The secret of success in tree growing on dry-farms seems to lie, first, in planting a few trees per acre,—the distance apart should be twice the ordinary distance,—and, secondly, in applying vigorously and unceasingly the established principles of soil cultivation. In a soil stored deeply with moisture and properly cultivated, most plants will grow. If the soil has not been carefully fallowed before planting, it may be necessary to water the young trees slightly during the first two seasons.
Small fruits have been tried on many farms with great success. Plums, currants, and gooseberries have all been successful. Grapes grow and yield well in many dry-farm districts, especially along the warm foothills of the Great Basin. Tree growing on dry-farm lands is not yet well established and, therefore, should be undertaken with great care. Varieties accustomed to the climatic environment should be chosen, and the principles outlined in the preceding pages should be carefully used.
Potatoes
In recent years, potatoes have become one of the best dry-farm crops. Almost wherever tried on lands under a rainfall of twelve inches or more potatoes have given comparatively large yields. To-day, the growing of dry-farm potatoes is becoming an important industry. The principles of light seeding and thorough cultivation are indispensable for success. Potatoes are well adapted for use in rotations, where summer fallowing is not thought desirable. Macdonald enumerates the following as the best varieties at present used on dry-farms: Ohio, Mammoth, Pearl, Rural New Yorker, and Burbank.
Miscellaneous
A further list of dry-farm crops would include representatives of nearly all economic plants, most of them tried in small quantity in various localities. Sugar beets, vegetables, bulbous plants, etc., have all been grown without irrigation under dry-farm conditions. Some of these will no doubt be found to be profitable and will then be brought into the commercial scheme of dry-farming.
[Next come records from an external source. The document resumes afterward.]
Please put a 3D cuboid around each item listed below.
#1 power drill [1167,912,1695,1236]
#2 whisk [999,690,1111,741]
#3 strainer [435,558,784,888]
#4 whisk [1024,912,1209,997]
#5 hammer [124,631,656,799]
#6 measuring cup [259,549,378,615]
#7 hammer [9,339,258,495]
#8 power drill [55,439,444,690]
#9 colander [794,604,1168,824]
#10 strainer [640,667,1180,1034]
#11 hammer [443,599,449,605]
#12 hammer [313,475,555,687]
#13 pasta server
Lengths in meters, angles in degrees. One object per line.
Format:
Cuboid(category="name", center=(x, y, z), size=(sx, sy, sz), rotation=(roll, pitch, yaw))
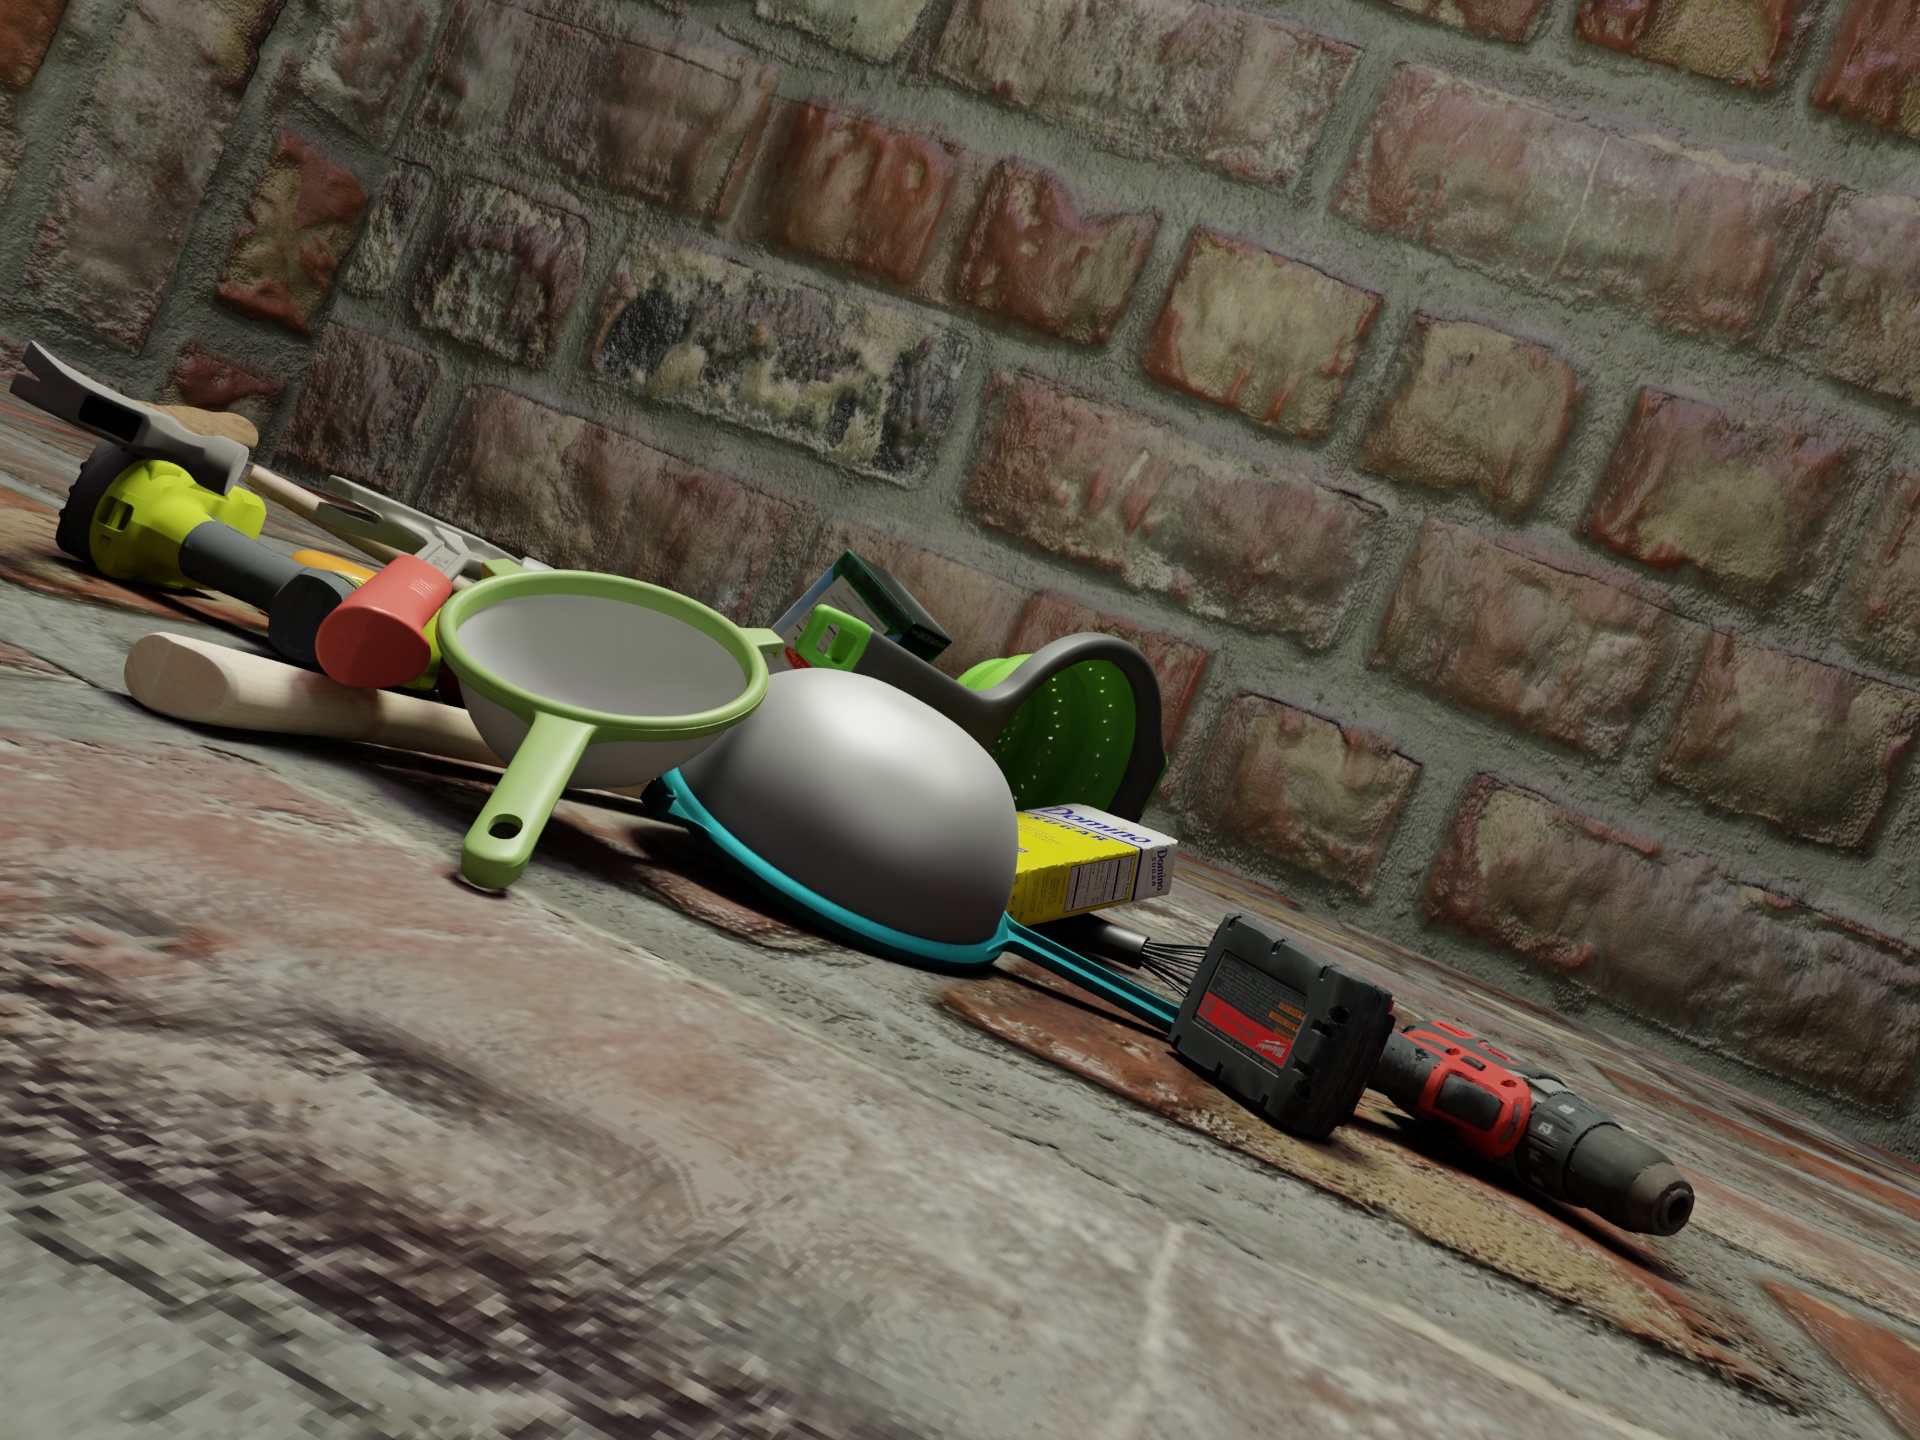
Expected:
Cuboid(category="power drill", center=(0.240, 0.187, 0.807), size=(0.226, 0.080, 0.188), rotation=(25, 0, -29))
Cuboid(category="whisk", center=(-0.014, 0.007, 1.219), size=(0.284, 0.070, 0.070), rotation=(-13, 6, -7))
Cuboid(category="strainer", center=(-0.171, 0.016, 0.694), size=(0.151, 0.069, 0.257), rotation=(15, 27, -5))
Cuboid(category="whisk", center=(0.116, 0.146, 1.014), size=(0.239, 0.055, 0.055), rotation=(18, 0, 20))
Cuboid(category="hammer", center=(-0.235, 0.011, 0.822), size=(0.146, 0.038, 0.410), rotation=(21, 1, 32))
Cuboid(category="measuring cup", center=(-0.452, -0.095, 1.133), size=(0.095, 0.052, 0.174), rotation=(21, 4, -39))
Cuboid(category="hammer", center=(-0.491, -0.185, 0.998), size=(0.130, 0.031, 0.331), rotation=(26, 2, -17))
Cuboid(category="power drill", center=(-0.416, -0.086, 0.980), size=(0.223, 0.080, 0.171), rotation=(26, 2, 13))
Cuboid(category="colander", center=(-0.002, -0.003, 1.054), size=(0.095, 0.204, 0.396), rotation=(30, 0, 38))
Cuboid(category="strainer", center=(0.009, 0.063, 0.841), size=(0.340, 0.095, 0.211), rotation=(29, 12, -4))
Cuboid(category="hammer", center=(-0.299, -0.032, 1.135), size=(0.128, 0.033, 0.331), rotation=(32, -1, -36))
Cuboid(category="hammer", center=(-0.300, -0.075, 0.845), size=(0.149, 0.036, 0.359), rotation=(23, 7, -15))
Cuboid(category="pasta server", center=(-0.319, -0.087, 1.060), size=(0.316, 0.040, 0.060), rotation=(31, -13, -28))

Meanwhile, the crop problems of dry-farming demand that much careful work be done in the immediate future by the agencies having such work in charge. The best varieties of crops already in profitable use need to be determined. More new plants from all parts of the world need to be brought to this new dry-farm territory and tried out. Many of the native plants need examination with a view to their economic use. For instance, the sego lily bulbs, upon which the Utah pioneers subsisted for several seasons of famine, may possibly be made a cultivated crop. Finally, it remains to be said that it is doubtful wisdom to attempt to grow the more intensive crops on dry-farms. Irrigation and dry-farming will always go together. They are supplementary systems of agriculture in arid and semiarid regions. On the irrigated lands should be grown the crops that require much labor per acre and that in return yield largely per acre. New crops and varieties should besought for the irrigated farms. On the dry-farms should be grown the crops that can be handled in a large way and at a small cost per acre, and that yield only moderate acre returns. By such cooperation between irrigation and dry-farming will the regions of the world with a scanty rainfall become the healthiest, wealthiest, happiest, and most populous on earth.